#### DATA SECTION ####

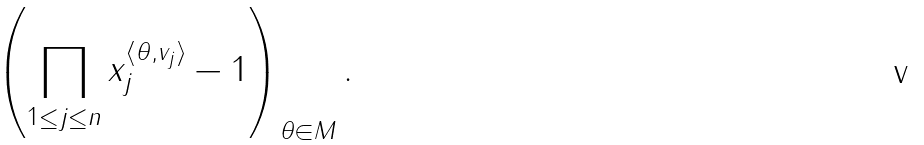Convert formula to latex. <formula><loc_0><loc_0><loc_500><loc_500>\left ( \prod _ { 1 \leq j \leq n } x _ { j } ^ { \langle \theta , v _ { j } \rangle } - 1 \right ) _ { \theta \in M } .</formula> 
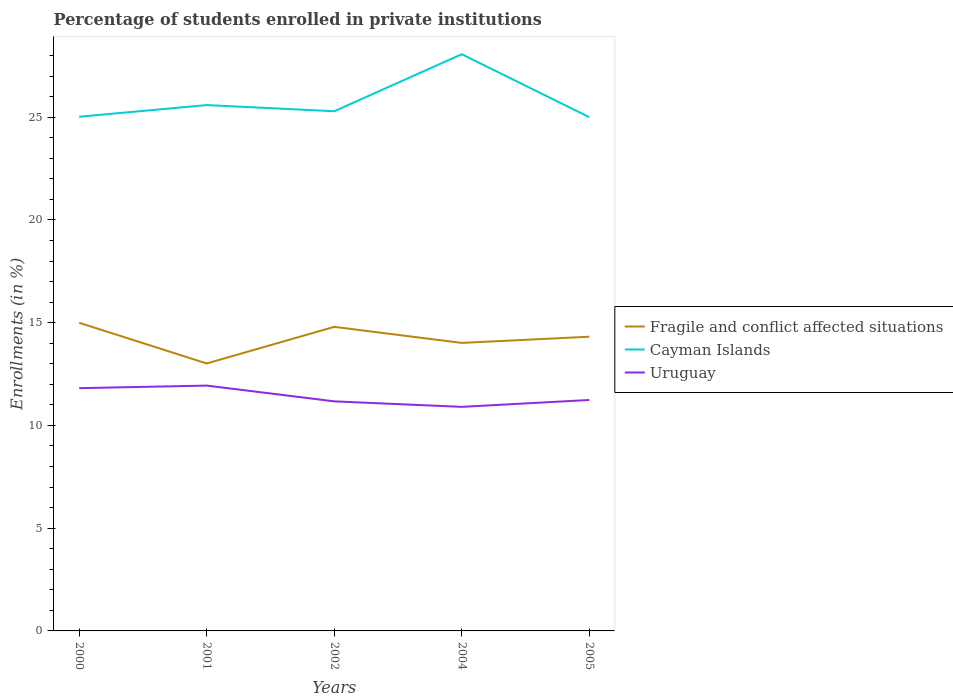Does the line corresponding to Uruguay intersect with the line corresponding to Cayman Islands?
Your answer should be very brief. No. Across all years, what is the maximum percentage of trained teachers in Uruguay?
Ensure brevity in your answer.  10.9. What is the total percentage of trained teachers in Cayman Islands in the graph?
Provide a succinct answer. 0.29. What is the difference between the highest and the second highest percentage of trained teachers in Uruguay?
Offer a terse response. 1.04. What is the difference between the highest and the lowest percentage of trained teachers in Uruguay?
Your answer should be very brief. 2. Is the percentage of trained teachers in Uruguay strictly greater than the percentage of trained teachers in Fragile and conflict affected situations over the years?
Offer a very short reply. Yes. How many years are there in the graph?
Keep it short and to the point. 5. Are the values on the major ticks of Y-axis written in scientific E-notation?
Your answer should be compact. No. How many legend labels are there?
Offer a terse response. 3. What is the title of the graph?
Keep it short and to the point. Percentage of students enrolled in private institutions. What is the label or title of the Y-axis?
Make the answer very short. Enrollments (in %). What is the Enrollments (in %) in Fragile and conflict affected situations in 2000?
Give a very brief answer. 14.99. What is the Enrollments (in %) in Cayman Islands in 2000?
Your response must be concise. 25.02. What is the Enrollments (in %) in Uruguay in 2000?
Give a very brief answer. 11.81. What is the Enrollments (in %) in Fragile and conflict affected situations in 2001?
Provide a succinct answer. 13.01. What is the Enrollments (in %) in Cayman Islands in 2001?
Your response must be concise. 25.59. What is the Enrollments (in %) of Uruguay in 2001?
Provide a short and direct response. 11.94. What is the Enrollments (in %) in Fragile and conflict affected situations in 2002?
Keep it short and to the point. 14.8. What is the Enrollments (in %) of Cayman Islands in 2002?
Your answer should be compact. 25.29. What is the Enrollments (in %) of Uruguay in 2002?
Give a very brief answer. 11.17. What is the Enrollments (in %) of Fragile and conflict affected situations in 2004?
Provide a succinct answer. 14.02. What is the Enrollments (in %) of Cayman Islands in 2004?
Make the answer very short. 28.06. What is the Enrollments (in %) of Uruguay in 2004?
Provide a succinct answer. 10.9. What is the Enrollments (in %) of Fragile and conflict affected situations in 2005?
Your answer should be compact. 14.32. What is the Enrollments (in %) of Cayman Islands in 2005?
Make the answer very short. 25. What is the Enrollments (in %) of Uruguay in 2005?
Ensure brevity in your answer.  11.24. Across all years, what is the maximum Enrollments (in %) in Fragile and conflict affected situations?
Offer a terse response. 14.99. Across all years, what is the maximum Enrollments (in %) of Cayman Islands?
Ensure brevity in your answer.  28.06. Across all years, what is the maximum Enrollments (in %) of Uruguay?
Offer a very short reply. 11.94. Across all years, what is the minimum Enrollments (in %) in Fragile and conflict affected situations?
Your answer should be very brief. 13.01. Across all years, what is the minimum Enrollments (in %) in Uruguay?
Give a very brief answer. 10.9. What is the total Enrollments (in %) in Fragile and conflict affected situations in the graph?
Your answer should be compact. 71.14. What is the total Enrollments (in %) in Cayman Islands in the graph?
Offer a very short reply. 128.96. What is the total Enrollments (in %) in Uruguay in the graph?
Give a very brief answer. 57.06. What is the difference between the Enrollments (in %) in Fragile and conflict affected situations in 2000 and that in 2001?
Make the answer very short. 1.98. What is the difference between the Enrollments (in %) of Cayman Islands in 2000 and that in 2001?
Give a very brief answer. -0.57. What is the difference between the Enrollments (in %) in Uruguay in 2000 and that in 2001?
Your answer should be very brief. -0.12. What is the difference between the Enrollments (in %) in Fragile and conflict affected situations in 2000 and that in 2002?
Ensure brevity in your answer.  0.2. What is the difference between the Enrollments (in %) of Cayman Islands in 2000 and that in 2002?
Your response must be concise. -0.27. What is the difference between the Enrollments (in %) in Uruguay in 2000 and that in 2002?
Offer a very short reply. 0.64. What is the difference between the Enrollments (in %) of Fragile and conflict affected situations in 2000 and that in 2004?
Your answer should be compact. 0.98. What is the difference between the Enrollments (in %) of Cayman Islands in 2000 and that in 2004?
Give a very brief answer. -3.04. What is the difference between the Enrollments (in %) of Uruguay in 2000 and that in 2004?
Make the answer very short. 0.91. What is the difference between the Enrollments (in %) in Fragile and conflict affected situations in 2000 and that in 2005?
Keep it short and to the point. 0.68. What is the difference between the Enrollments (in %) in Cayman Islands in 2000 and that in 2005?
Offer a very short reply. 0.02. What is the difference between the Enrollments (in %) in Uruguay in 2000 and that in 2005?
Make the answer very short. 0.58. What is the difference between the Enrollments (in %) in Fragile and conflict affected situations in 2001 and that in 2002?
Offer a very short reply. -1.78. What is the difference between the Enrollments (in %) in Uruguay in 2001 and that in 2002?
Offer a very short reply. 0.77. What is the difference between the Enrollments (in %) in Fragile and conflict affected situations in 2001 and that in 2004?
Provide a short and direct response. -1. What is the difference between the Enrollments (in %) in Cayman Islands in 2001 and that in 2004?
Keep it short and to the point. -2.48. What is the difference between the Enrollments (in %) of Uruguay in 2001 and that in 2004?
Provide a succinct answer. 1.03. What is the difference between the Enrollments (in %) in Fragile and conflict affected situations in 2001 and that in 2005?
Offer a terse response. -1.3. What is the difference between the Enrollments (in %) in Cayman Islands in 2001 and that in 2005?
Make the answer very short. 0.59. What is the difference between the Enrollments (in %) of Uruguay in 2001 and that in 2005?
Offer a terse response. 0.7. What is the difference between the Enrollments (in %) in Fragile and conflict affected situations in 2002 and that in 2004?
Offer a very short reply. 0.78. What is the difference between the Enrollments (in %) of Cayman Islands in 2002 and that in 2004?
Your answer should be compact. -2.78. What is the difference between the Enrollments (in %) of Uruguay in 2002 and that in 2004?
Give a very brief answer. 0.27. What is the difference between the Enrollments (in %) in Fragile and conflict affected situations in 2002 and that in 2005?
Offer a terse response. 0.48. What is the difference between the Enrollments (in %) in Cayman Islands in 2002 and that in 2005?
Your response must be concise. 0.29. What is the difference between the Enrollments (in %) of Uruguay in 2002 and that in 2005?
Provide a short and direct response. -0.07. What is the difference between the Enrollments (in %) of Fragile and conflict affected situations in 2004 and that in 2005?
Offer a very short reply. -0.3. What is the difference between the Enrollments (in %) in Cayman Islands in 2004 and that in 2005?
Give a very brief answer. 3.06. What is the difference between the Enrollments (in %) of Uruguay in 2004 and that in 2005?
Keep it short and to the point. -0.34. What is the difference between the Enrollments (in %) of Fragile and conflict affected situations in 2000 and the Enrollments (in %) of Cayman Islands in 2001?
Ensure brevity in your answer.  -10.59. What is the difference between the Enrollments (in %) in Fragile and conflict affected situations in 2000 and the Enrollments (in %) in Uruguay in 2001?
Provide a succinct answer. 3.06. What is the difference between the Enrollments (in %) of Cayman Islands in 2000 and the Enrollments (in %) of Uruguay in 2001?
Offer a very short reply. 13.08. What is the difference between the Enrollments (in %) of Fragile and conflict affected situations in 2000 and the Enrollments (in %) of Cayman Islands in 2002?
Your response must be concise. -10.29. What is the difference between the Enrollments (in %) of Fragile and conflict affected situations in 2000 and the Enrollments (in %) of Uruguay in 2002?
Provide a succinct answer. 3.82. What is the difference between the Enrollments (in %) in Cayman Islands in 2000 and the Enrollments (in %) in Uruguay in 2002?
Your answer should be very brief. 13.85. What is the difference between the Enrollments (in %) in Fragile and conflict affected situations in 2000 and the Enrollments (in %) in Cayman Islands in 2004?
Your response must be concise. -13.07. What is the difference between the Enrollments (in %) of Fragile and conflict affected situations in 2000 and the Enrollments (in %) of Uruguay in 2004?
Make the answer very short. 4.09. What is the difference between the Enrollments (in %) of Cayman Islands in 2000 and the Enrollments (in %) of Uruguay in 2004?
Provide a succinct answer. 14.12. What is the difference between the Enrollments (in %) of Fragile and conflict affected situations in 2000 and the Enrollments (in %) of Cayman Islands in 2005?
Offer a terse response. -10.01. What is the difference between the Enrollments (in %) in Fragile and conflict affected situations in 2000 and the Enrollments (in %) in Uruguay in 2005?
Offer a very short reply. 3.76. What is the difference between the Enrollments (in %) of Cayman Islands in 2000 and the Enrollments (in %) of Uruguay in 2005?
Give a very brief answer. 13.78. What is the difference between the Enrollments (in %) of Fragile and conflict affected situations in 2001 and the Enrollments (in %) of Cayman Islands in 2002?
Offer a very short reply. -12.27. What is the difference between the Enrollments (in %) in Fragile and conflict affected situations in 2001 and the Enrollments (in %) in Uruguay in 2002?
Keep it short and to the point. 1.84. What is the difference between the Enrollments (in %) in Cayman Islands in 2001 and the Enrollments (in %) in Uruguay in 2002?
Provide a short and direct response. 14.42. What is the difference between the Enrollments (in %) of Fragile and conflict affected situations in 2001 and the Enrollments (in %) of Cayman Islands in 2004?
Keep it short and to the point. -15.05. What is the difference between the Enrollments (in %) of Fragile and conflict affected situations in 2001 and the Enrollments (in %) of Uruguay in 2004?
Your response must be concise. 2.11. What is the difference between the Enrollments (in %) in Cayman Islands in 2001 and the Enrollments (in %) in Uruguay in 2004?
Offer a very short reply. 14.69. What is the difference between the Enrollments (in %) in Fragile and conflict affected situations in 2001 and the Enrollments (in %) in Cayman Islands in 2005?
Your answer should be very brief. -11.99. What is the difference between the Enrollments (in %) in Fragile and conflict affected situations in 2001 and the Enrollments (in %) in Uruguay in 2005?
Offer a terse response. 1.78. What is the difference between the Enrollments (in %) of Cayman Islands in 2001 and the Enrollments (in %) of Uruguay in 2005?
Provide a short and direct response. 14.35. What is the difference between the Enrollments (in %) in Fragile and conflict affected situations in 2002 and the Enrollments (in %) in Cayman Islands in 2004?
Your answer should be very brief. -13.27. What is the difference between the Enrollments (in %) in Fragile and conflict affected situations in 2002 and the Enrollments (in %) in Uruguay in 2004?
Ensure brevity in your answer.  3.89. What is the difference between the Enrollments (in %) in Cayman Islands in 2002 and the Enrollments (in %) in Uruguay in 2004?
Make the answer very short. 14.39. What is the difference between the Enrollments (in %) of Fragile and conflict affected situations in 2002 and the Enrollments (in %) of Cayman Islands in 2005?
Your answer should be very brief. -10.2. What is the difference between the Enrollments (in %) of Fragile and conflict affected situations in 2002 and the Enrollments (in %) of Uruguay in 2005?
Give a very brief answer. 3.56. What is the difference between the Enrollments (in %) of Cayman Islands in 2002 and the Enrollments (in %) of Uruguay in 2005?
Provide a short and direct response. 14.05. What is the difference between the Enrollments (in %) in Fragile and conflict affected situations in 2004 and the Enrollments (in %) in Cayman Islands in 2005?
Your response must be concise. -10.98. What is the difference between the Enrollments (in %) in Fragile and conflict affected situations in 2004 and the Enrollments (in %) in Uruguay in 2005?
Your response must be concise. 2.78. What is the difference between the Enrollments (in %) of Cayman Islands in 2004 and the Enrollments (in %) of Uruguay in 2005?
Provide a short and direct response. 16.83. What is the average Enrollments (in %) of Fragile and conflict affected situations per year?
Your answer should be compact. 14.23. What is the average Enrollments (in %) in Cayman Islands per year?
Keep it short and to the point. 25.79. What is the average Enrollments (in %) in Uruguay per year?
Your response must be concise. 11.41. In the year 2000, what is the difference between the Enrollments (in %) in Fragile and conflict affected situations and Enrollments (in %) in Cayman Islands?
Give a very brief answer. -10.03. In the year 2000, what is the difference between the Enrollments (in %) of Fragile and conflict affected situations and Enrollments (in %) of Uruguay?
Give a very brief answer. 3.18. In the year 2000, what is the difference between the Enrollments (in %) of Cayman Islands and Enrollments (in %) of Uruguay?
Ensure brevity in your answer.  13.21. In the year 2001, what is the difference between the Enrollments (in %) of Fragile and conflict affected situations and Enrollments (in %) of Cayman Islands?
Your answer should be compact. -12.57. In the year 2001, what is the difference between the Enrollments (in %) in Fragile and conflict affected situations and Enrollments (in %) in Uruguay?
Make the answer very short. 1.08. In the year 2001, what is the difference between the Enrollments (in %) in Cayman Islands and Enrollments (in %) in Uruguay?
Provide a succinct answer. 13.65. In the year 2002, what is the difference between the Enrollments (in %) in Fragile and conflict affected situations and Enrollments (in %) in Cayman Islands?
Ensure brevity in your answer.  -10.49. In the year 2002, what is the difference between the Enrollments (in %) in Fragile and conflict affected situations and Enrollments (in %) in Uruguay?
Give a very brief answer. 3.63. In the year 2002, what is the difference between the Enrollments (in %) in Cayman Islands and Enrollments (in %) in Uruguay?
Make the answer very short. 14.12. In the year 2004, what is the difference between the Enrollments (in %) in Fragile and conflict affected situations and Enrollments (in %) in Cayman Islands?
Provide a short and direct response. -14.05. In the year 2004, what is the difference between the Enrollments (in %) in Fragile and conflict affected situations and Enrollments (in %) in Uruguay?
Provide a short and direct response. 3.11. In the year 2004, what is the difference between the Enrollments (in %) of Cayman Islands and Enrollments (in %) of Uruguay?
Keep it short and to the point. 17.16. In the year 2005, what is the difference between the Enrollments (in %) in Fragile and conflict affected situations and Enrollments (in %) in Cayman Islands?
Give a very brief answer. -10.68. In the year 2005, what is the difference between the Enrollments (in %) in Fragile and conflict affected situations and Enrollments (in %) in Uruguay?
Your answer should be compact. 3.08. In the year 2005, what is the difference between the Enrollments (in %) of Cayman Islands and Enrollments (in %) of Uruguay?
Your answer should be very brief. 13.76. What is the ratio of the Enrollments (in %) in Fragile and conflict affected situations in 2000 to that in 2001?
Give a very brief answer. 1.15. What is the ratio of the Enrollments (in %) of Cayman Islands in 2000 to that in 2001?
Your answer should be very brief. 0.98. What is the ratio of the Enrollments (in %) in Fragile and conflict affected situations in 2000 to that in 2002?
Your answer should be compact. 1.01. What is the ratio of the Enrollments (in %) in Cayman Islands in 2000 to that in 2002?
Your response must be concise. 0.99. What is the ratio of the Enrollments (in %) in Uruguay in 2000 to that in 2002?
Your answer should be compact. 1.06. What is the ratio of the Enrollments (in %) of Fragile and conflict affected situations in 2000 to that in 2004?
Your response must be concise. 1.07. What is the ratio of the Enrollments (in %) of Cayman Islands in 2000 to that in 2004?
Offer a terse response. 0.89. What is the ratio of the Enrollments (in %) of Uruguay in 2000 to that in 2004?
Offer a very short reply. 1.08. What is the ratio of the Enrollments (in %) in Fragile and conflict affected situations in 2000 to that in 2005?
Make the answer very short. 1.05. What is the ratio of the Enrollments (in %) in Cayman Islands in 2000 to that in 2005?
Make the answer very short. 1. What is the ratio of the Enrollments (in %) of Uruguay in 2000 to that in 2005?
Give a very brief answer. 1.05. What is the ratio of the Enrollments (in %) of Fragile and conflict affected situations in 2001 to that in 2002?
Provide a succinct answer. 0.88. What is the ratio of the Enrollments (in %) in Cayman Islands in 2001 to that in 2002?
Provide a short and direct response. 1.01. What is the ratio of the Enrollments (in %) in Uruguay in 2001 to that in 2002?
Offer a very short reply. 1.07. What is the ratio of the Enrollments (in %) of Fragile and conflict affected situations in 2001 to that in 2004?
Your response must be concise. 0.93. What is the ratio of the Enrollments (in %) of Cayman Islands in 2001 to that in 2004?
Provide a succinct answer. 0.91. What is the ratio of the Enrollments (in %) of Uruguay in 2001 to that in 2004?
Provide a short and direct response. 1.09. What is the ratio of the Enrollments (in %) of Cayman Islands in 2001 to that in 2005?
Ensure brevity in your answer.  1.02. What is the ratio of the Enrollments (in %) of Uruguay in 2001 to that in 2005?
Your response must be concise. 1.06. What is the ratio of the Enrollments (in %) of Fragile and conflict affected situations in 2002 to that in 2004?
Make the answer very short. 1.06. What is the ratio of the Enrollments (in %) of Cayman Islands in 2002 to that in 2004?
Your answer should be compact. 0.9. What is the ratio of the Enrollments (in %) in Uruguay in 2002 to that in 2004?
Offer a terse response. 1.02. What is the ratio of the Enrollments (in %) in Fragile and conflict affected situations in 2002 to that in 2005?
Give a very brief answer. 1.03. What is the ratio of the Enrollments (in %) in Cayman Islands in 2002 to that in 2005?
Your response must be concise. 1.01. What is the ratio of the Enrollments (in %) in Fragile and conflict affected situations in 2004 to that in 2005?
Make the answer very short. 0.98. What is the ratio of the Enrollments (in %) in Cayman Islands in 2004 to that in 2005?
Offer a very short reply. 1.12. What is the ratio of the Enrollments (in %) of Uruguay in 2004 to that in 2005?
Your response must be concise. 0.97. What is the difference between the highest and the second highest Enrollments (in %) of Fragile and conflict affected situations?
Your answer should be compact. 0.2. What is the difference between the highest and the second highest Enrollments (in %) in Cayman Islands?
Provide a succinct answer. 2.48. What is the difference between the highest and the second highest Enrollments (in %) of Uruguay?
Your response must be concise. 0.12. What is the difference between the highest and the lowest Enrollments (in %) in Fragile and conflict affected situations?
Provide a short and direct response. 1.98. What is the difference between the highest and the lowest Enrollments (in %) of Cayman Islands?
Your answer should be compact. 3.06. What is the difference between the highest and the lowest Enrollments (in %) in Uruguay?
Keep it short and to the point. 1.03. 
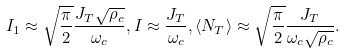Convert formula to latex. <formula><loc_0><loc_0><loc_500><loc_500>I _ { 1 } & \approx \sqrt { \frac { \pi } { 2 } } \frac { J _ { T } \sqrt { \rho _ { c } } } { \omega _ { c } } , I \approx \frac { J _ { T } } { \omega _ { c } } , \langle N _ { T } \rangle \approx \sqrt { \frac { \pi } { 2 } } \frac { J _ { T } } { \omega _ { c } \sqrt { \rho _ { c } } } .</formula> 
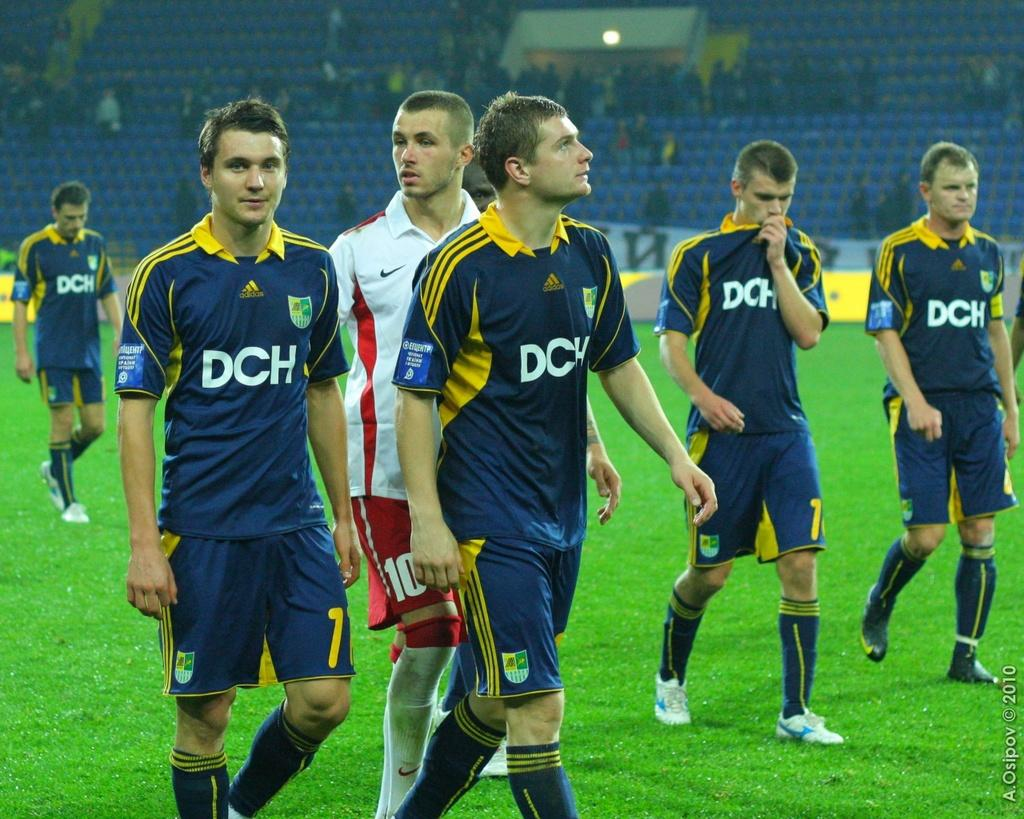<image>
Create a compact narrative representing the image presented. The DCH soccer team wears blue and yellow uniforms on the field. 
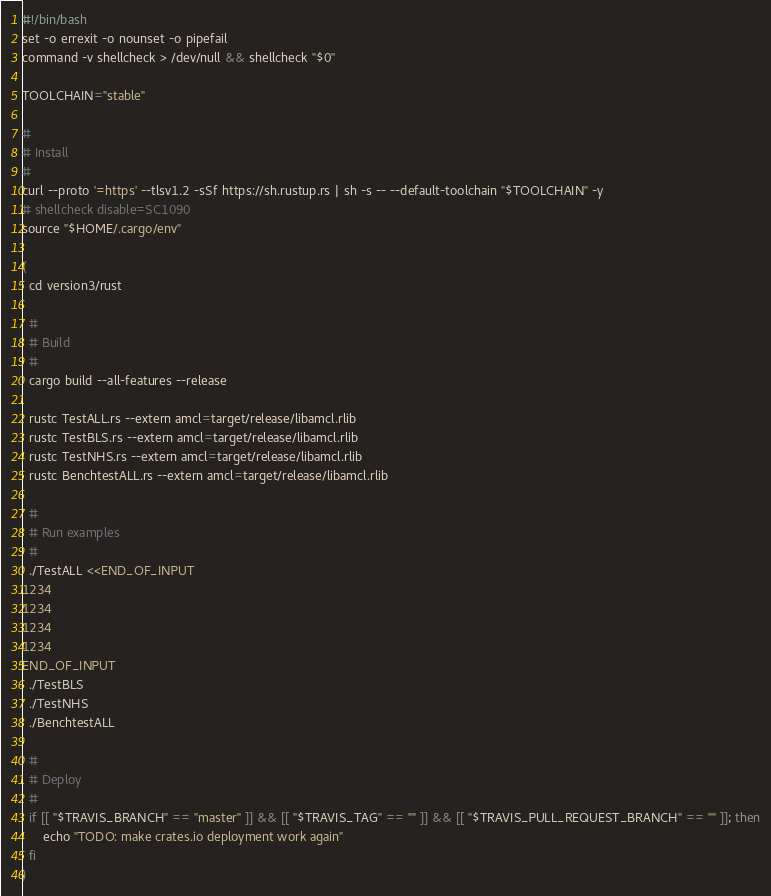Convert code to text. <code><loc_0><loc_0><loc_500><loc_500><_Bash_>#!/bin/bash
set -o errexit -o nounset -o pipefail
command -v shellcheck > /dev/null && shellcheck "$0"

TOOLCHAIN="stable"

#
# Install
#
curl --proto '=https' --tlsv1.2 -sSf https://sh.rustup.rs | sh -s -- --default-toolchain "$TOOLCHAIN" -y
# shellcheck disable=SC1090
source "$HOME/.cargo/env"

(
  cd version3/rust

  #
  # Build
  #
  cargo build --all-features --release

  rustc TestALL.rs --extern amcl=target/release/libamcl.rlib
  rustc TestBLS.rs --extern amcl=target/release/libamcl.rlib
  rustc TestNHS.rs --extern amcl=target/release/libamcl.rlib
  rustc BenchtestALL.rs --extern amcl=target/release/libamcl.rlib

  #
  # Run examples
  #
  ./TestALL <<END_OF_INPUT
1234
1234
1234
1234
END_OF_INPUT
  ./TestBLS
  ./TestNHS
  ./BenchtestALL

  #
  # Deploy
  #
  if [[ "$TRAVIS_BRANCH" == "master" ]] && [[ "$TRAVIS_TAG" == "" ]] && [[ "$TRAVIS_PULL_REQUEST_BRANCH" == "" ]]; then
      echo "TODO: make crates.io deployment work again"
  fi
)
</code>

####

Please output exactly the lines between the one holding "Give a very brief answer. 11.81." and the one holding "Keep it short and to the point. 14.8." in the records above, inclusive, and nothing more.

Give a very brief answer. 11.81. What is the Enrollments (in %) in Fragile and conflict affected situations in 2001?
Provide a succinct answer. 13.01. What is the Enrollments (in %) in Cayman Islands in 2001?
Your response must be concise. 25.59. What is the Enrollments (in %) of Uruguay in 2001?
Provide a short and direct response. 11.94. What is the Enrollments (in %) in Fragile and conflict affected situations in 2002?
Keep it short and to the point. 14.8. What is the Enrollments (in %) of Cayman Islands in 2002?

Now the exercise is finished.